Ничего не изменилось и после того, как они вернулись в Ленинград, – разве что из Белкиного рта навсегда исчез вкус навата, а отправка письма стала обыденностью.
Смерть деда – никакая не обыденность. Это выяснилось через минуту, когда Белка задала Сереже вопрос о том, как именно он погиб.
– Был страшный шторм. Не здесь, а под Новороссийском, где дует ветер бора. И во время шторма его смыло за борт волной. Больше его не видели живым. И тело так и не было найдено. Но я думаю… – тут Сережа приложил палец к губам и улыбнулся. – Что это не конец истории…
– Не конец?
– Ты что-нибудь слыхала о кораблях-призраках?
– «Летучий голландец», да?
– Не совсем. «Летучий голландец» – совсем дряхлый. От него за версту разит несчастьем. Ты только представь: обрывки парусов, сломанные мачты, сгнивший такелаж. Ни один капитан не приблизится к такой посудине. Но есть и другие корабли…
Другие, другие – шепчет крошка-аммонит, корабли-корабли – вторит ему раковина-двустворка, другие-корабли – подводят итог ломкие губы теребры. Ракушечник за Белкиной спиной волнуется, волнение передается и Белке: по ее спине бегут мурашки.
– Другие?
– Издали их ни за что не отличишь от обычных. Ни одного порванного троса, ни одного свисающего каната, ржавых потеков на борту тоже нет. Якоря, как и положено якорям, при движении сидят в своих гнездах. А если дашь приветственный гудок, то…
– То? – мурашки перебрались со спины на плечи и скатились вниз – к запястьям, что за историю собрался поведать Белке Сережа?
– Тебе, скорее всего, не ответят. А проследуют мимо, не меняя курса.
– Что же в этом необычного?
– Ничего. Кроме обыкновенной невежливости, несовместимой с морскими законами. Но законы эти – неписаные. Поэтому капитаны и не хватаются за бинокли и подзорные трубы. И не пытаются вызвать такие корабли по рации. Но представь, что кому-то очень любопытному пришло бы в голову это сделать.
– Тебе?
– А тебе разве нет?
– Да! – чего только не сделаешь, чтобы повысить свои акции в глазах Сережи.
– Итак… Ты вызываешь корабль по рации, но в эфире слышен лишь треск.

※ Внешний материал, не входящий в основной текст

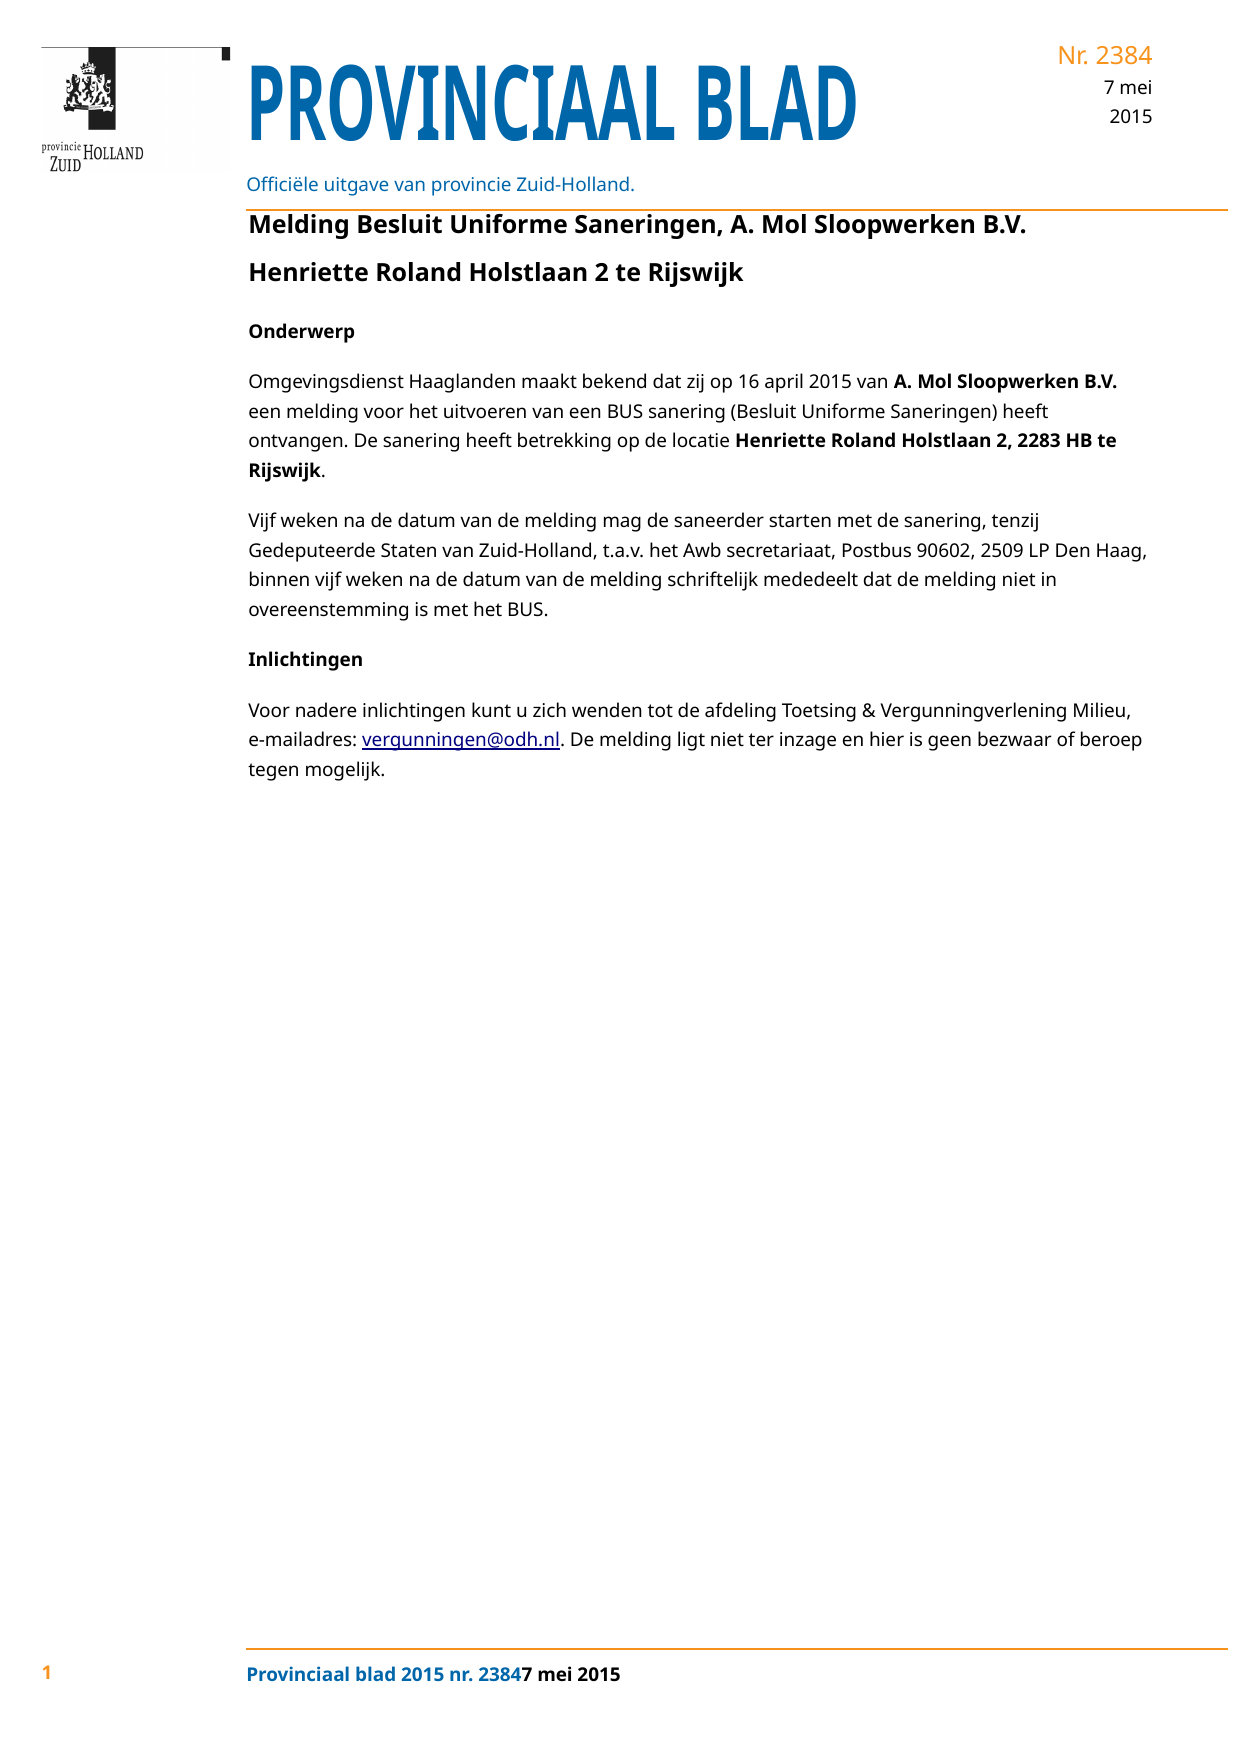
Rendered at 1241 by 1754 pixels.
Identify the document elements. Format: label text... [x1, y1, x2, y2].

text Melding Besluit Uniforme Saneringen, A. Mol Sloopwerken B.V. Henriette Roland Holstlaan 2 te Rijswijk [248, 211, 1152, 288]
text Onderwerp [248, 318, 1152, 344]
text Vijf weken na de datum van de melding mag de saneerder starten met de sanering, tenzij Gedeputeerde Staten van Zuid-Holland, t.a.v. het Awb secretariaat, Postbus 90602, 2509 LP Den Haag, binnen vijf weken na de datum van de melding schriftelijk mededeelt dat de melding niet in overeenstemming is met het BUS. [248, 507, 1152, 622]
text Omgevingsdienst Haaglanden maakt bekend dat zij op 16 april 2015 van A. Mol Sloopwerken B.V. een melding voor het uitvoeren van een BUS sanering (Besluit Uniforme Saneringen) heeft ontvangen. De sanering heeft betrekking op de locatie Henriette Roland Holstlaan 2, 2283 HB te Rijswijk. [248, 368, 1152, 483]
text Voor nadere inlichtingen kunt u zich wenden tot de afdeling Toetsing & Vergunningverlening Milieu, e-mailadres: vergunningen@odh.nl. De melding ligt niet ter inzage en hier is geen bezwaar of beroep tegen mogelijk. [248, 697, 1152, 782]
text Inlichtingen [248, 647, 1152, 672]
picture [41, 47, 231, 172]

Тогда ты берешь подзорную трубу и изучаешь палубу.
– И… что я там вижу?
– В том-то и дело, что ничего. Ничего и никого на палубе нет. Никого нет в рубке, никого нет на капитанском мостике. В иллюминаторах чернота.
– И… что это значит?
– Что ты столкнулась с кораблем-призраком. Он не признает территориальных вод и свободно перемещается из моря в море, из океана в океан.

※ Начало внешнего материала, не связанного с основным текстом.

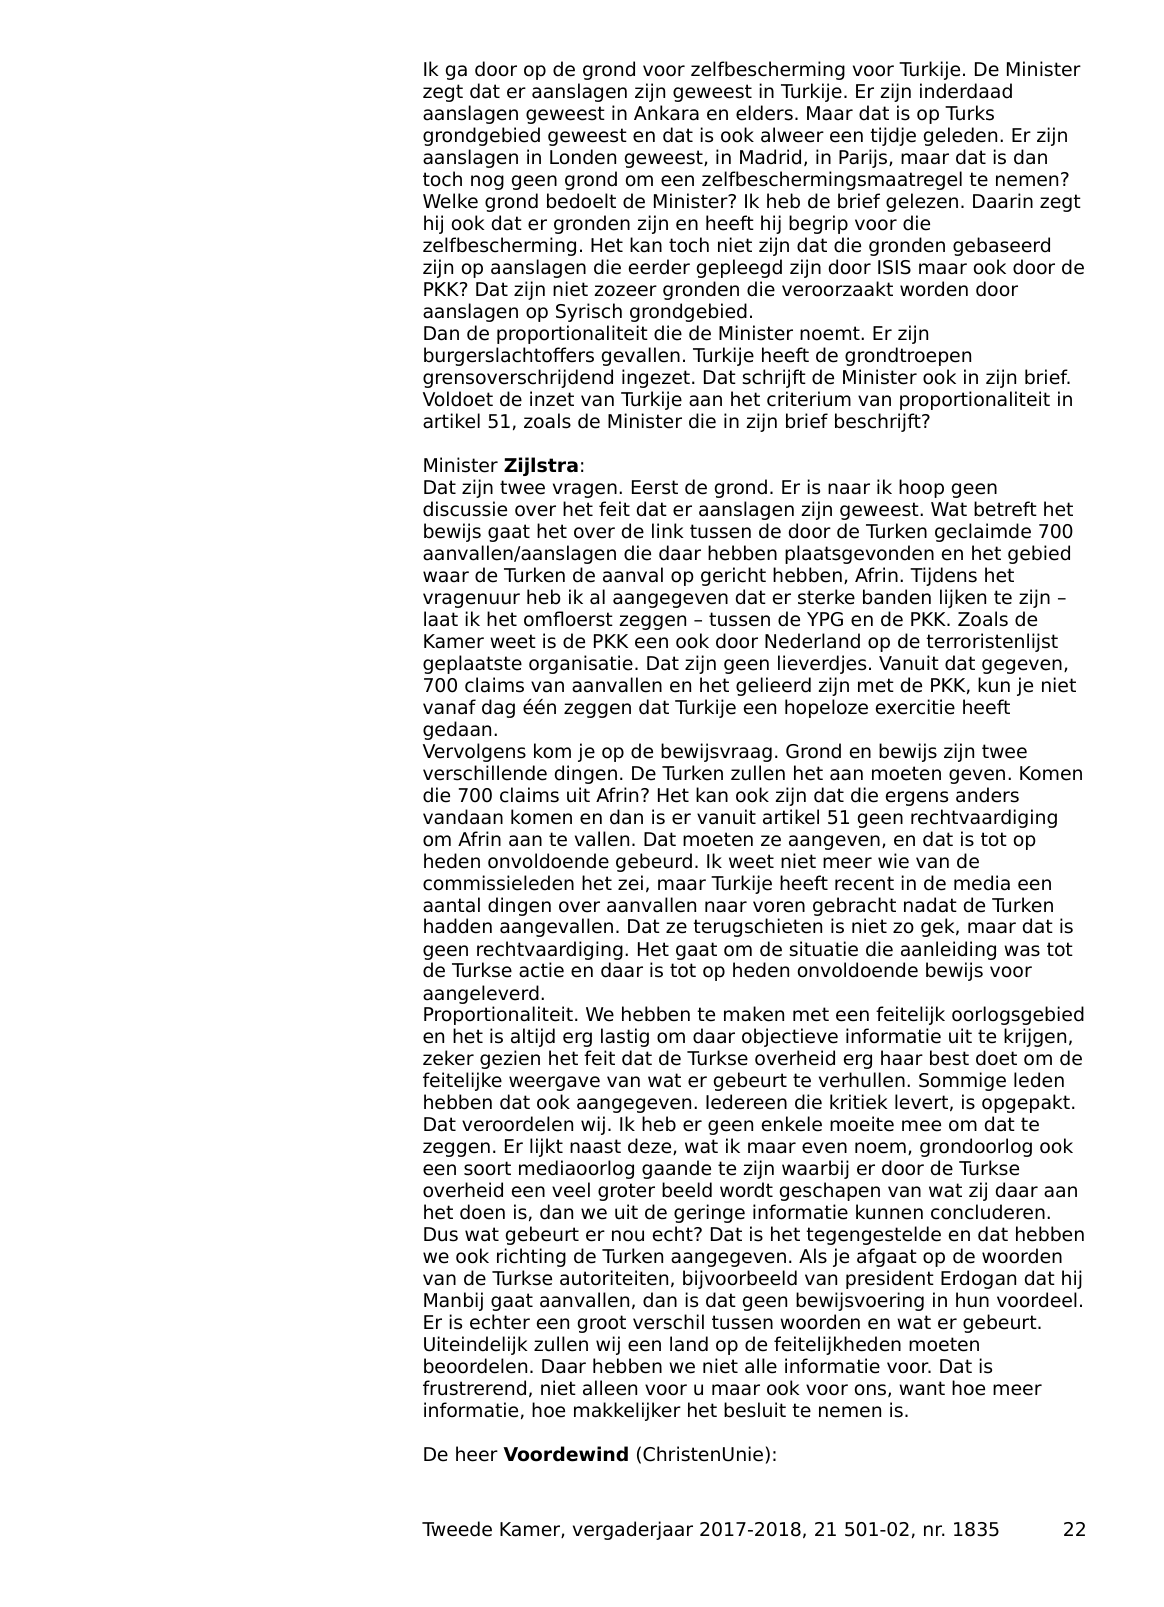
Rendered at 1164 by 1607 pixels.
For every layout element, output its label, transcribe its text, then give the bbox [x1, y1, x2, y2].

text Vervolgens kom je op de bewijsvraag. Grond en bewijs zijn twee verschillende dingen. De Turken zullen het aan moeten geven. Komen die 700 claims uit Afrin? Het kan ook zijn dat die ergens anders vandaan komen en dan is er vanuit artikel 51 geen rechtvaardiging om Afrin aan te vallen. Dat moeten ze aangeven, en dat is tot op heden onvoldoende gebeurd. Ik weet niet meer wie van de commissieleden het zei, maar Turkije heeft recent in de media een aantal dingen over aanvallen naar voren gebracht nadat de Turken hadden aangevallen. Dat ze terugschieten is niet zo gek, maar dat is geen rechtvaardiging. Het gaat om de situatie die aanleiding was tot de Turkse actie en daar is tot op heden onvoldoende bewijs voor aangeleverd. [422, 741, 1087, 1004]
text Ik ga door op de grond voor zelfbescherming voor Turkije. De Minister zegt dat er aanslagen zijn geweest in Turkije. Er zijn inderdaad aanslagen geweest in Ankara en elders. Maar dat is op Turks grondgebied geweest en dat is ook alweer een tijdje geleden. Er zijn aanslagen in Londen geweest, in Madrid, in Parijs, maar dat is dan toch nog geen grond om een zelfbeschermingsmaatregel te nemen? Welke grond bedoelt de Minister? Ik heb de brief gelezen. Daarin zegt hij ook dat er gronden zijn en heeft hij begrip voor die zelfbescherming. Het kan toch niet zijn dat die gronden gebaseerd zijn op aanslagen die eerder gepleegd zijn door ISIS maar ook door de PKK? Dat zijn niet zozeer gronden die veroorzaakt worden door aanslagen op Syrisch grondgebied. [422, 59, 1087, 323]
text Minister Zijlstra: [422, 455, 1087, 477]
text Dan de proportionaliteit die de Minister noemt. Er zijn burgerslachtoffers gevallen. Turkije heeft de grondtroepen grensoverschrijdend ingezet. Dat schrijft de Minister ook in zijn brief. Voldoet de inzet van Turkije aan het criterium van proportionaliteit in artikel 51, zoals de Minister die in zijn brief beschrijft? [422, 323, 1087, 433]
text De heer Voordewind (ChristenUnie): [422, 1444, 1087, 1466]
text Proportionaliteit. We hebben te maken met een feitelijk oorlogsgebied en het is altijd erg lastig om daar objectieve informatie uit te krijgen, zeker gezien het feit dat de Turkse overheid erg haar best doet om de feitelijke weergave van wat er gebeurt te verhullen. Sommige leden hebben dat ook aangegeven. Iedereen die kritiek levert, is opgepakt. Dat veroordelen wij. Ik heb er geen enkele moeite mee om dat te zeggen. Er lijkt naast deze, wat ik maar even noem, grondoorlog ook een soort mediaoorlog gaande te zijn waarbij er door de Turkse overheid een veel groter beeld wordt geschapen van wat zij daar aan het doen is, dan we uit de geringe informatie kunnen concluderen. Dus wat gebeurt er nou echt? Dat is het tegengestelde en dat hebben we ook richting de Turken aangegeven. Als je afgaat op de woorden van de Turkse autoriteiten, bijvoorbeeld van president Erdogan dat hij Manbij gaat aanvallen, dan is dat geen bewijsvoering in hun voordeel. Er is echter een groot verschil tussen woorden en wat er gebeurt. Uiteindelijk zullen wij een land op de feitelijkheden moeten beoordelen. Daar hebben we niet alle informatie voor. Dat is frustrerend, niet alleen voor u maar ook voor ons, want hoe meer informatie, hoe makkelijker het besluit te nemen is. [422, 1004, 1087, 1422]
text Dat zijn twee vragen. Eerst de grond. Er is naar ik hoop geen discussie over het feit dat er aanslagen zijn geweest. Wat betreft het bewijs gaat het over de link tussen de door de Turken geclaimde 700 aanvallen/aanslagen die daar hebben plaatsgevonden en het gebied waar de Turken de aanval op gericht hebben, Afrin. Tijdens het vragenuur heb ik al aangegeven dat er sterke banden lijken te zijn – laat ik het omfloerst zeggen – tussen de YPG en de PKK. Zoals de Kamer weet is de PKK een ook door Nederland op de terroristenlijst geplaatste organisatie. Dat zijn geen lieverdjes. Vanuit dat gegeven, 700 claims van aanvallen en het gelieerd zijn met de PKK, kun je niet vanaf dag één zeggen dat Turkije een hopeloze exercitie heeft gedaan. [422, 477, 1087, 741]

– Без всякой цели? – удивилась Белка.
– О нет! Цель у них есть – собрать души всех, кто погиб в море. Души летят к этим кораблям, как мотыльки на свет. И там обретают успокоение. Там они в безопасности.
– Значит, дед тоже мог оказаться на одном из таких кораблей?
– Скорее всего.
– Это… хорошо?
– Конечно. Дед остался в том месте, которое любил больше всего. Это хорошо и справедливо.

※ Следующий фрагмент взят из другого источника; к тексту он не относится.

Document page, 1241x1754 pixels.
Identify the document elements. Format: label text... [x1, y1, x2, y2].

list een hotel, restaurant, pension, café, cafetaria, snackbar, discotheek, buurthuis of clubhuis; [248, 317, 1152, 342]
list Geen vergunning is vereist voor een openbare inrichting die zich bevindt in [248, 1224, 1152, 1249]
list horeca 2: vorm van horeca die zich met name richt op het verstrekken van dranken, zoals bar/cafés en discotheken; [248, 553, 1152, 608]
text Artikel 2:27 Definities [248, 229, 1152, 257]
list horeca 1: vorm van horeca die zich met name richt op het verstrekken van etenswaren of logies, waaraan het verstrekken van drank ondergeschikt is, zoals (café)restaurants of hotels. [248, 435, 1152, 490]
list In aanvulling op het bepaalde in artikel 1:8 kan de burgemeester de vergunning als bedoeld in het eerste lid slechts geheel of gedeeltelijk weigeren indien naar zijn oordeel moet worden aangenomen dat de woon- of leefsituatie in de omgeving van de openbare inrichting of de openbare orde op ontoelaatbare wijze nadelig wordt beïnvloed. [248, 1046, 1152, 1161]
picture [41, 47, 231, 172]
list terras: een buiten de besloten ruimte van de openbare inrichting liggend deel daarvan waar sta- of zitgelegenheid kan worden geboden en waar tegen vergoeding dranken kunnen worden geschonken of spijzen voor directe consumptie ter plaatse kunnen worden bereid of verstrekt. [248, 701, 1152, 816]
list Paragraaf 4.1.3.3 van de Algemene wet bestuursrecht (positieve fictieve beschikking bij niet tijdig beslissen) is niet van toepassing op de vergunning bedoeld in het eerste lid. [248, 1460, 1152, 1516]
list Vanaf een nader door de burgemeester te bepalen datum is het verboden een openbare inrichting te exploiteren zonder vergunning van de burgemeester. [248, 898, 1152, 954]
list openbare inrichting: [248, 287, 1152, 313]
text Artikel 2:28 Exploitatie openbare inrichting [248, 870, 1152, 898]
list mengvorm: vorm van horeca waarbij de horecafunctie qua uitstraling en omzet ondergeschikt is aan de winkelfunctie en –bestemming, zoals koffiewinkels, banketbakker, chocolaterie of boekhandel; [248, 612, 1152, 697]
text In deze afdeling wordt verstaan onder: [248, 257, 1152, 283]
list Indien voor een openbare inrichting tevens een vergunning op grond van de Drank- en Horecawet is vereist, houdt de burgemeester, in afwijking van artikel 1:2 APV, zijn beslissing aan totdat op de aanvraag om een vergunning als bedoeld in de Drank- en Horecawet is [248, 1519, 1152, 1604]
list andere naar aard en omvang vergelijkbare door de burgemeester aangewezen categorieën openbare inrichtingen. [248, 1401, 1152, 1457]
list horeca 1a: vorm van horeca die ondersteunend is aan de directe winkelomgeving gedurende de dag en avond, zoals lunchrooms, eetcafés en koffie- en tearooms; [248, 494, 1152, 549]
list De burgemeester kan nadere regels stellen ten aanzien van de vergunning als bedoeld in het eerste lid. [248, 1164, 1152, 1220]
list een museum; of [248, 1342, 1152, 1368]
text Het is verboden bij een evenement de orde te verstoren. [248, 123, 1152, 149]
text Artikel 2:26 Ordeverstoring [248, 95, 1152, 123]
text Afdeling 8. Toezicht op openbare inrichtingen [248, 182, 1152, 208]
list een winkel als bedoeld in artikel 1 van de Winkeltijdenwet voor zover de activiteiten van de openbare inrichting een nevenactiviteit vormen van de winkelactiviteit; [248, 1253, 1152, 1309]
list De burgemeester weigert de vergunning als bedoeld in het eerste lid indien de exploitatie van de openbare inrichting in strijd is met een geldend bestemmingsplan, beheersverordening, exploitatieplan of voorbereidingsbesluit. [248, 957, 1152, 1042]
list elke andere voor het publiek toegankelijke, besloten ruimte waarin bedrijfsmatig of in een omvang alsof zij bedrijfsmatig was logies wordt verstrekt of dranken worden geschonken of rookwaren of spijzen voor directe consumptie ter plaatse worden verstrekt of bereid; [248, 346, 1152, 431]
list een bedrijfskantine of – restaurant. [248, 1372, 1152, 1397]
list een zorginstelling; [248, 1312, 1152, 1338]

Сережа – удивительный, – вот о чем думает Белка. Страшная история неожиданно превратилась в сказку, он напугал ее и тут же успокоил. И не только ее – ракушечник тоже притих. И цикады притихли. Умиротворяющую тишину нарушил лишь знакомый мотоциклетный треск, и то ненадолго. Значит, минут через пять появится Аста. Или через десять – если вздумает целоваться с Егором. В последнее время Белку волнует именно этот аспект отношений между людьми. Тем более что кое-какой опыт есть и у нее: сто лет назад, когда Белка была еще первоклассницей, она тоже целовалась – с соседом по парте Славкой Тарасовым. Наверное, они что-то делали не так, потому что ничего особенно приятного Белка не почувствовала, к тому же подсохшая болячка на Славкиных губах больно царапалась. Эксперимент возобновлялся несколько раз – все с тем же плачевным результатом, и оба охладели к нему одновременно. Теперь Славка изменился в худшую сторону и сидит уже не с Белкой, а со своим приятелем Бакусиком, тупицей и двоечником. Периодически они задирают Белку и подленько смеются, когда она появляется в классе. Сережа справился бы с этими субчиками одной левой, как жаль, что он не живет в Ленинграде!..
– Ладно, мне пора. А ты спи.
– Посиди со мной еще чуточку, Сережа!
– Уже поздно.
Как задержать Сережу? Уж очень не хочется, чтобы он уходил!
– Не слишком-то и поздно. Кое-кто еще даже домой не вернулся.
– Кто же? – особого интереса в голосе Сережи не чувствовалось.
– А вот подожди немножко – сам увидишь!..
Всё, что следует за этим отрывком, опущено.